# Task to complete
Print only the lines from the top of the data through the line with "Sample output, numbers", both included, skipping every picture.

Top of Excerpted data

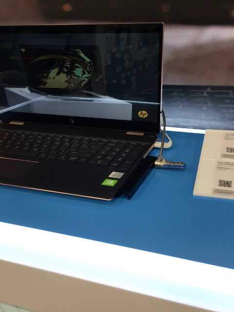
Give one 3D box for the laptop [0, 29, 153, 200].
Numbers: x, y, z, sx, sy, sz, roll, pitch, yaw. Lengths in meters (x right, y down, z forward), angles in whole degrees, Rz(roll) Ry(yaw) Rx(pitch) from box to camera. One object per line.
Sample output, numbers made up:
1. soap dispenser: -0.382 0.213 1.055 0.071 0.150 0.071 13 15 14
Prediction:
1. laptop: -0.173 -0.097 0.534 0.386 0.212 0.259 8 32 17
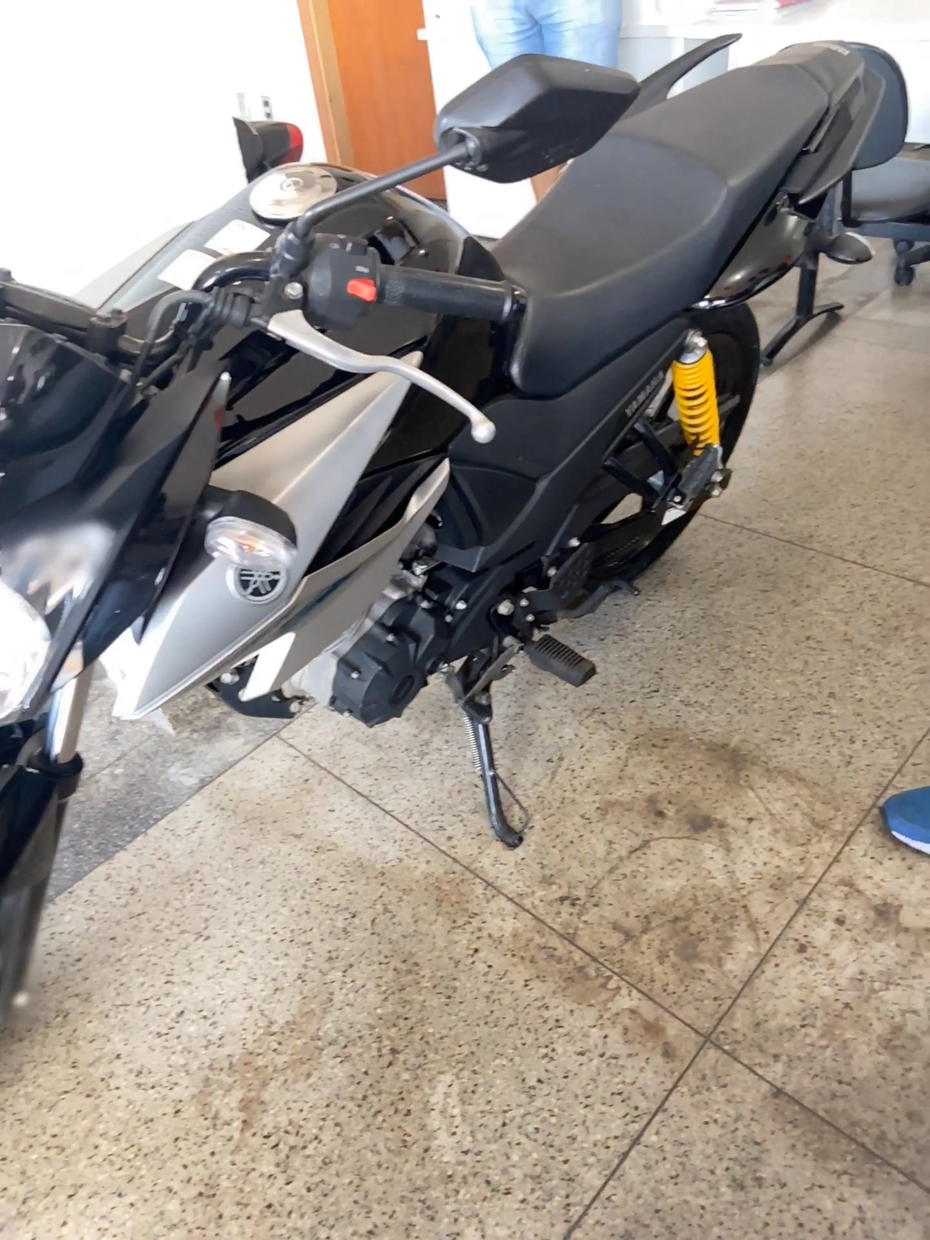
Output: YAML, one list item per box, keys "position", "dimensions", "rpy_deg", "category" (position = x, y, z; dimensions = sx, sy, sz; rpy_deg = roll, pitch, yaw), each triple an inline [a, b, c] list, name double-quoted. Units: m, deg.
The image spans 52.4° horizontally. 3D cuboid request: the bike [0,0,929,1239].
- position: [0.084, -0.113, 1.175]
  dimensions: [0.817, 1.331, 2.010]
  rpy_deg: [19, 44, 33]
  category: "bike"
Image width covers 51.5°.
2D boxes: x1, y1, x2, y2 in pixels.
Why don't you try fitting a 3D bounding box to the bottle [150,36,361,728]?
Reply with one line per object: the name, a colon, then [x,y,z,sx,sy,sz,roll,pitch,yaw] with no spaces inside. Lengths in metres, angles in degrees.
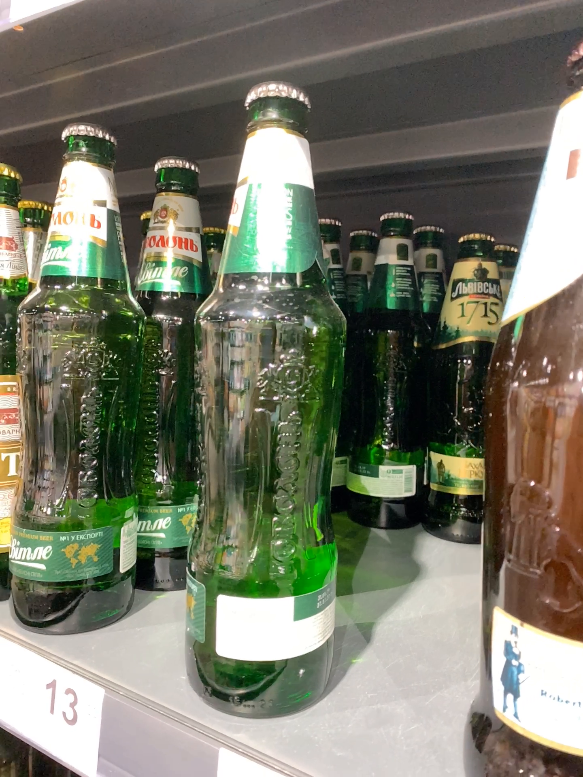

Bottom of Excerpted data

# The completed task
Give one 3D box for the laptop [0, 29, 153, 200].
Numbers: x, y, z, sx, sy, sz, roll, pitch, yaw. Lengths in meters (x right, y down, z forward), angles in whole degrees, Rz(roll) Ry(yaw) Rx(pitch) from box to camera. One object per line.
Sample output, numbers made up:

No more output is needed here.